Tech Talent Meetup Hacking Security Event Recap
 
IT Solutions for 3 Common Small Business Problems
IT Solutions for 3 Common Small Business ProblemsIT Solutions for 3 Common Small Business Problems
IT Solutions for 3 Common Small Business Problems
 
7350_RiskWatch-Summer2015-Maligec
7350_RiskWatch-Summer2015-Maligec7350_RiskWatch-Summer2015-Maligec
7350_RiskWatch-Summer2015-Maligec
 
Pitss
PitssPitss
Pitss
 
Cyber Security small
Cyber Security smallCyber Security small
Cyber Security small
 
Cybersecurity - Whose responsibility is it?
Cybersecurity - Whose responsibility is it?Cybersecurity - Whose responsibility is it?

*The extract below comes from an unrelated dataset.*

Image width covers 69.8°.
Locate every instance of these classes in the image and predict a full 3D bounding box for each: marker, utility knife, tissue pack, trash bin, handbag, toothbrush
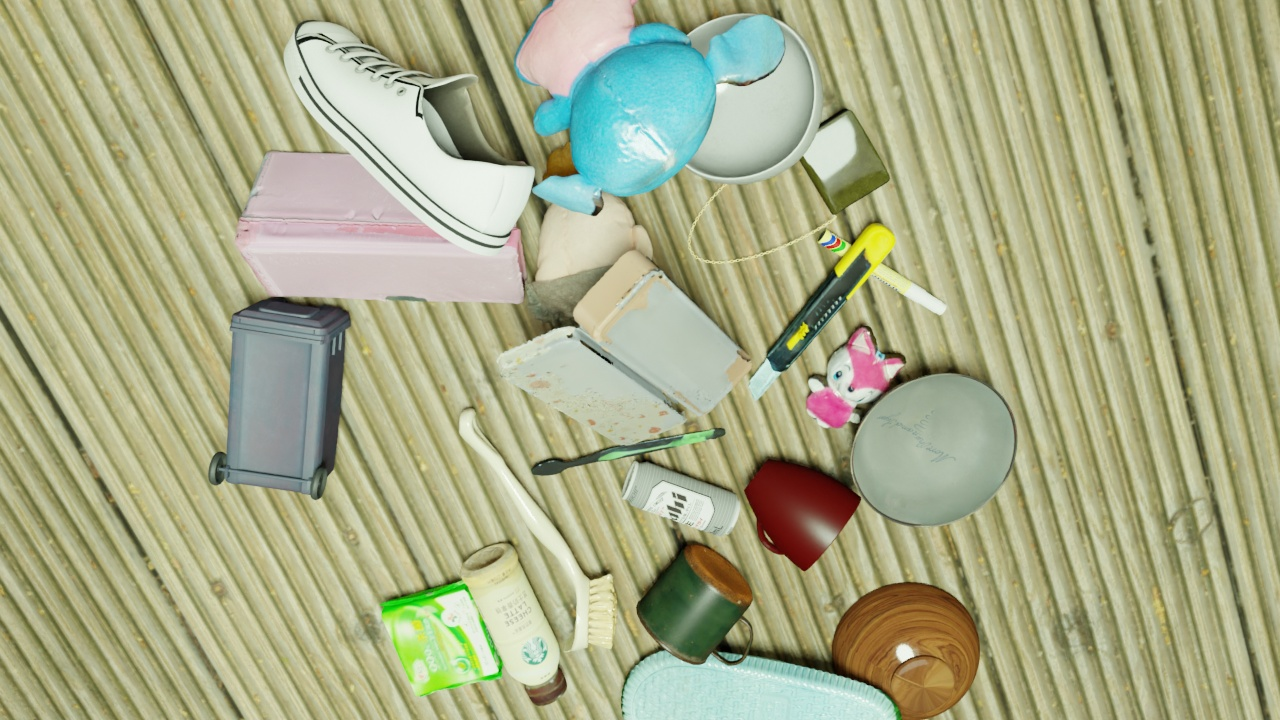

Cybersecurity - Whose responsibility is it?
 
1. security 20 20 - ebook-vol2
1. security 20 20 - ebook-vol21. security 20 20 - ebook-vol2
1. security 20 20 - ebook-vol2
 
Top 6 things_small_businesses_q12015
Top 6 things_small_businesses_q12015Top 6 things_small_businesses_q12015
Top 6 things_small_businesses_q12015
 
Slides to the online event "Creating an effective cybersecurity strategy" by ...
Slides to the online event "Creating an effective cybersecurity strategy" by ...Slides to the online event "Creating an effective cybersecurity strategy" by ...
Slides to the online event "Creating an effective cybersecurity strategy" by ...
 
Security Feature Cover Story
Security Feature Cover StorySecurity Feature Cover Story
Security Feature Cover Story
 
The 10 most trusted healthcare it security solution providers 2018
The 10 most trusted healthcare it security solution providers 2018The 10 most trusted healthcare it security solution providers 2018
The 10 most trusted healthcare it security solution providers 2018
 
Looking into the future of security
Looking into the future of securityLooking into the future of security
Looking into the future of security
 
140707_Cyber-Security
140707_Cyber-Security140707_Cyber-Security
140707_Cyber-Security
 
Cyber Security Lessons from the NSA
Cyber Security Lessons from the NSACyber Security Lessons from the NSA
Cyber Security Lessons from the NSA
 

Recently uploaded

Call Girls In Sikandarpur Gurgaon ❤️8860477959_Russian 100% Genuine Escorts I...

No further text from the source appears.